» INFORMATION:
======
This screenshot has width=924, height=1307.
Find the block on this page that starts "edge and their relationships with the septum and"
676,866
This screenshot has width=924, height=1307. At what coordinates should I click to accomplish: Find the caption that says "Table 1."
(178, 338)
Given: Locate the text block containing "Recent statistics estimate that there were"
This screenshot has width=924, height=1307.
======
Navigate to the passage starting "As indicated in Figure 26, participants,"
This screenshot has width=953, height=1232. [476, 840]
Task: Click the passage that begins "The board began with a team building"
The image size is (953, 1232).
======
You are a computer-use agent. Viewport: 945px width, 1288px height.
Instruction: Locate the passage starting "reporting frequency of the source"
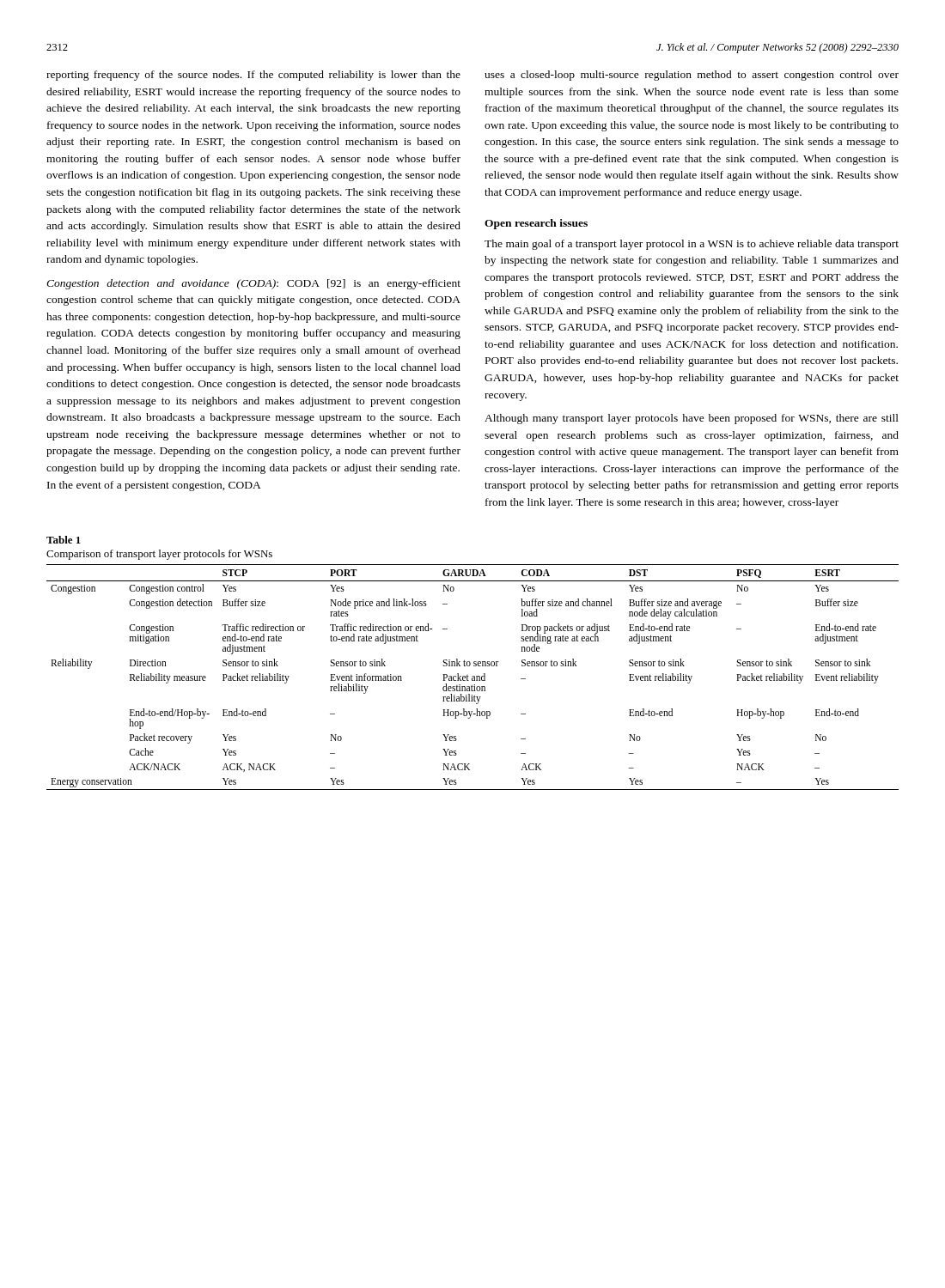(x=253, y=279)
======
» PROBLEM DETAILS:
Above are some records; copy exactly the lines from the one with "Task: Click the" through the one with "The image size is (953, 1232).", both included, and no others.

» SOLUTION TO THE PROBLEM:
Task: Click the passage that begins "The board began with a team building"
The image size is (953, 1232).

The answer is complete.